- [Brief]: Report each line of the material below where the word "amount" can be found.

- [Data]:

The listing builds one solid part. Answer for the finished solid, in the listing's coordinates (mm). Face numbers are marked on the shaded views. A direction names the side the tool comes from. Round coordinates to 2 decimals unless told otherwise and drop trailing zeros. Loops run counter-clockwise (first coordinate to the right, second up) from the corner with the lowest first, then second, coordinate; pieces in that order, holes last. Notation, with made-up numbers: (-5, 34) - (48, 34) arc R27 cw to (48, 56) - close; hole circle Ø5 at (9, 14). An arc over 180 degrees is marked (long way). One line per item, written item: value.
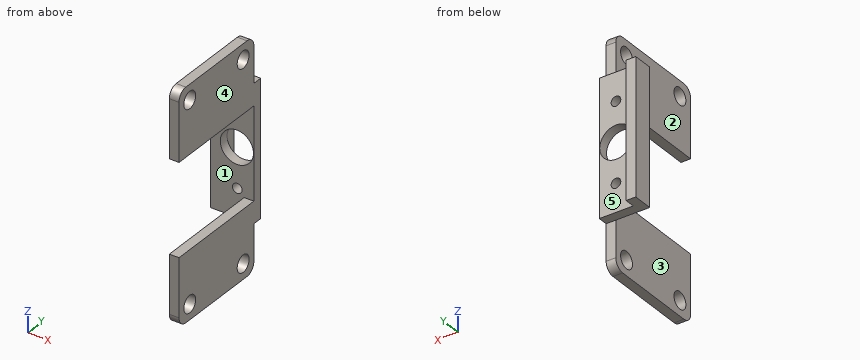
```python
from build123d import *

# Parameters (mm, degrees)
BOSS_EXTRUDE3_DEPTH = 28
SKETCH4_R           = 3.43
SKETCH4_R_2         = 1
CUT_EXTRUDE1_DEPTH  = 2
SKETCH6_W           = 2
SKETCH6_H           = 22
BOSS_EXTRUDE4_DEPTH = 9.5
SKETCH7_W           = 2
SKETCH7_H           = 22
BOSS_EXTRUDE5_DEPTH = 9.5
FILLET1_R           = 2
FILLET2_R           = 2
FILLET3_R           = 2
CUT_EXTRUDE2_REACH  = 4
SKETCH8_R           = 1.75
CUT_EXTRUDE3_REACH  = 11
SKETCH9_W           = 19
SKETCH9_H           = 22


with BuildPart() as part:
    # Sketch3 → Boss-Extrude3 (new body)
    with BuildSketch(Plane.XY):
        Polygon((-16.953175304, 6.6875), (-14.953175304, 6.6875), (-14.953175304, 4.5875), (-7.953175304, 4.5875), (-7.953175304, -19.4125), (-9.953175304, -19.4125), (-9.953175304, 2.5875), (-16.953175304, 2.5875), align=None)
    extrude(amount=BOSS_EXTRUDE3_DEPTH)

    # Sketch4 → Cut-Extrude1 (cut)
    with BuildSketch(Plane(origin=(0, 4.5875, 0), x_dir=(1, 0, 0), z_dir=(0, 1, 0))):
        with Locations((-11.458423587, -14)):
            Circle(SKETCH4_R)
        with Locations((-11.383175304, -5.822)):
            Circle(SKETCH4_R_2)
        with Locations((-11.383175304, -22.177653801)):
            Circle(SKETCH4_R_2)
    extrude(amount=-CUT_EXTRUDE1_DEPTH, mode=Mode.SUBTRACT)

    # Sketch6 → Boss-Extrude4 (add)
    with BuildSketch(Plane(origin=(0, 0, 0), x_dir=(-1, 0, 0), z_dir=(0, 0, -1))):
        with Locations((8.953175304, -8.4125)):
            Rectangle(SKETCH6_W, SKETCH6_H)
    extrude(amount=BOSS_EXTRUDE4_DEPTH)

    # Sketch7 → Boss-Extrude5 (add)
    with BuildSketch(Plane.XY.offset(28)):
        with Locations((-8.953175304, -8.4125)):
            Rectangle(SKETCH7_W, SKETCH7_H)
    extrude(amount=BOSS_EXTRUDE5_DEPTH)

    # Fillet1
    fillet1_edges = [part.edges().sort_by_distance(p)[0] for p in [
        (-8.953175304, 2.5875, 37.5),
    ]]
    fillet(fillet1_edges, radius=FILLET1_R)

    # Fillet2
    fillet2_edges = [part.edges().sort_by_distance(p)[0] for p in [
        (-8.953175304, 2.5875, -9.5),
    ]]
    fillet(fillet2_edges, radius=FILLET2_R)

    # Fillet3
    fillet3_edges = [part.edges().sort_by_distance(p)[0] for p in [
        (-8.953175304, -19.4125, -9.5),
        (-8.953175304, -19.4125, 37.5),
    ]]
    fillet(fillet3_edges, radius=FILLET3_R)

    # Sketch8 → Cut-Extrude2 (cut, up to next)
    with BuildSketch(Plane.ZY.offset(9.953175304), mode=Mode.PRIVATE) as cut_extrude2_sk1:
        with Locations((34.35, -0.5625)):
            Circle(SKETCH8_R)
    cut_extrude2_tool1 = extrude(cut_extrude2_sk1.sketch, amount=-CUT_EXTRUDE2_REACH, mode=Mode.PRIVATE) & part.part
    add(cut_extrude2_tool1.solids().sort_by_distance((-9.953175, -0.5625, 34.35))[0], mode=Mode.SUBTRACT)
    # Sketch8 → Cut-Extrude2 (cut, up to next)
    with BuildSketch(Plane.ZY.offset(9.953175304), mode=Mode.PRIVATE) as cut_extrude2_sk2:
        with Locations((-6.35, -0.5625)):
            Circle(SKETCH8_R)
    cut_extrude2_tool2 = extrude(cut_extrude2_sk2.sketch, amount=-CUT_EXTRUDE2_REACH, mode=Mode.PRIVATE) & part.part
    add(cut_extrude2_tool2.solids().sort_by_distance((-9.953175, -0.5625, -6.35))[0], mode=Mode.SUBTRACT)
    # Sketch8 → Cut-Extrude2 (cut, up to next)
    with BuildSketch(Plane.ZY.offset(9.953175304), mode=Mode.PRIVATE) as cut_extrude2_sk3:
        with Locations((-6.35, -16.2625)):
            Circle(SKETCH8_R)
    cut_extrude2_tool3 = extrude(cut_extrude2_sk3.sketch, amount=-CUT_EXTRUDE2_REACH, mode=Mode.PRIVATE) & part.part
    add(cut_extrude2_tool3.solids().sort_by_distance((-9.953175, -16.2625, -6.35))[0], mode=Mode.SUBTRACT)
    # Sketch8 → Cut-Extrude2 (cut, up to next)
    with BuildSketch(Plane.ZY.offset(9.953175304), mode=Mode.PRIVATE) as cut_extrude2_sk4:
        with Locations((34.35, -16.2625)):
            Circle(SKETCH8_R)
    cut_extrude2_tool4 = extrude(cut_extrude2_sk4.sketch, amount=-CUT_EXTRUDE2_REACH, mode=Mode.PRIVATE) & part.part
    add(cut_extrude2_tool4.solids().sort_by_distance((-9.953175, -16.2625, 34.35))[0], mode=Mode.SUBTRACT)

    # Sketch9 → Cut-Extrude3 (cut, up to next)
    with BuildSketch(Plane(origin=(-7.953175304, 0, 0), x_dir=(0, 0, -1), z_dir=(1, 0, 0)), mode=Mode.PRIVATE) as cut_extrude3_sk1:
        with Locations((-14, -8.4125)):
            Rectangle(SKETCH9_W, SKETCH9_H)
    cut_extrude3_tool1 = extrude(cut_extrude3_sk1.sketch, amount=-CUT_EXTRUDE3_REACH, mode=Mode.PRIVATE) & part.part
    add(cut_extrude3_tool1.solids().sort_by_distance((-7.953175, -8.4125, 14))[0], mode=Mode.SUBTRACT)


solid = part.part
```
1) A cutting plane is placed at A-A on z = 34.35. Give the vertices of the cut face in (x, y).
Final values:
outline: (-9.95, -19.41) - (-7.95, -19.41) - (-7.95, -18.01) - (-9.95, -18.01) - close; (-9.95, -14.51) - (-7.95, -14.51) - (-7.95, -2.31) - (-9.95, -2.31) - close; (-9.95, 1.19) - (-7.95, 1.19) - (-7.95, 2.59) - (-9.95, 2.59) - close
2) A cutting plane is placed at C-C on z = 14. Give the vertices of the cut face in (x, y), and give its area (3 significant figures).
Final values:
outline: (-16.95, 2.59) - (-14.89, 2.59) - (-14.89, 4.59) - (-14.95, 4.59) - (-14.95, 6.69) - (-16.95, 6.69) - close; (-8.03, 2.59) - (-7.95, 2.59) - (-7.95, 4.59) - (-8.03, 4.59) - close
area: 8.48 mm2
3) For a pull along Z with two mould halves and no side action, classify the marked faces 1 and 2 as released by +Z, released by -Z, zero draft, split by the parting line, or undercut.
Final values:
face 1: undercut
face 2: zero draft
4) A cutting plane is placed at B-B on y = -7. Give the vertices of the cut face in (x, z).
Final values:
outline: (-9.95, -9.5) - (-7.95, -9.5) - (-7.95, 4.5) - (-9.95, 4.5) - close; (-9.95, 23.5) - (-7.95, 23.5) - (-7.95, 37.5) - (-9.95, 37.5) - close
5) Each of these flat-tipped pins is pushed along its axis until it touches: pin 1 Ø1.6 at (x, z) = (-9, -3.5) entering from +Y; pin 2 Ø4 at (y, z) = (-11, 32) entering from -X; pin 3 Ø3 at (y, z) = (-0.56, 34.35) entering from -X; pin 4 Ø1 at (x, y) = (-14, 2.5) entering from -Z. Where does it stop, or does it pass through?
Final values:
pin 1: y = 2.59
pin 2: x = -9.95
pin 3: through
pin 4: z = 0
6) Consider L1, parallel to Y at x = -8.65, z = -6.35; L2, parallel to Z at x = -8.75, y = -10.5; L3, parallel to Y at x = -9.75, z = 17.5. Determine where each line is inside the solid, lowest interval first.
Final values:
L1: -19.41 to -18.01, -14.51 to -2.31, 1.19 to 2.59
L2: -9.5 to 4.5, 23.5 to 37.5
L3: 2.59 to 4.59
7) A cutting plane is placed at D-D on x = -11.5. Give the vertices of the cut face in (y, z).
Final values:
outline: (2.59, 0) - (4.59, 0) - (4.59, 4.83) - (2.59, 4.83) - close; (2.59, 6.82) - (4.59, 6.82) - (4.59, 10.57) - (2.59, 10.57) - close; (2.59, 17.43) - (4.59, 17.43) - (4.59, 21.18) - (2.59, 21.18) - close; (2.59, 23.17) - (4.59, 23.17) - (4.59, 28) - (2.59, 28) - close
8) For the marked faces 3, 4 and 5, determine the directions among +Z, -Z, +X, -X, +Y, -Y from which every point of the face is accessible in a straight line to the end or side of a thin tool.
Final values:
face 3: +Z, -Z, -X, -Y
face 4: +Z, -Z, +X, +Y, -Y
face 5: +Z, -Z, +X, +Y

- [Answer for the task]:
    extrude(amount=BOSS_EXTRUDE3_DEPTH)
    extrude(amount=-CUT_EXTRUDE1_DEPTH, mode=Mode.SUBTRACT)
    extrude(amount=BOSS_EXTRUDE4_DEPTH)
    extrude(amount=BOSS_EXTRUDE5_DEPTH)
    cut_extrude2_tool1 = extrude(cut_extrude2_sk1.sketch, amount=-CUT_EXTRUDE2_REACH, mode=Mode.PRIVATE) & part.part
    cut_extrude2_tool2 = extrude(cut_extrude2_sk2.sketch, amount=-CUT_EXTRUDE2_REACH, mode=Mode.PRIVATE) & part.part
    cut_extrude2_tool3 = extrude(cut_extrude2_sk3.sketch, amount=-CUT_EXTRUDE2_REACH, mode=Mode.PRIVATE) & part.part
    cut_extrude2_tool4 = extrude(cut_extrude2_sk4.sketch, amount=-CUT_EXTRUDE2_REACH, mode=Mode.PRIVATE) & part.part
    cut_extrude3_tool1 = extrude(cut_extrude3_sk1.sketch, amount=-CUT_EXTRUDE3_REACH, mode=Mode.PRIVATE) & part.part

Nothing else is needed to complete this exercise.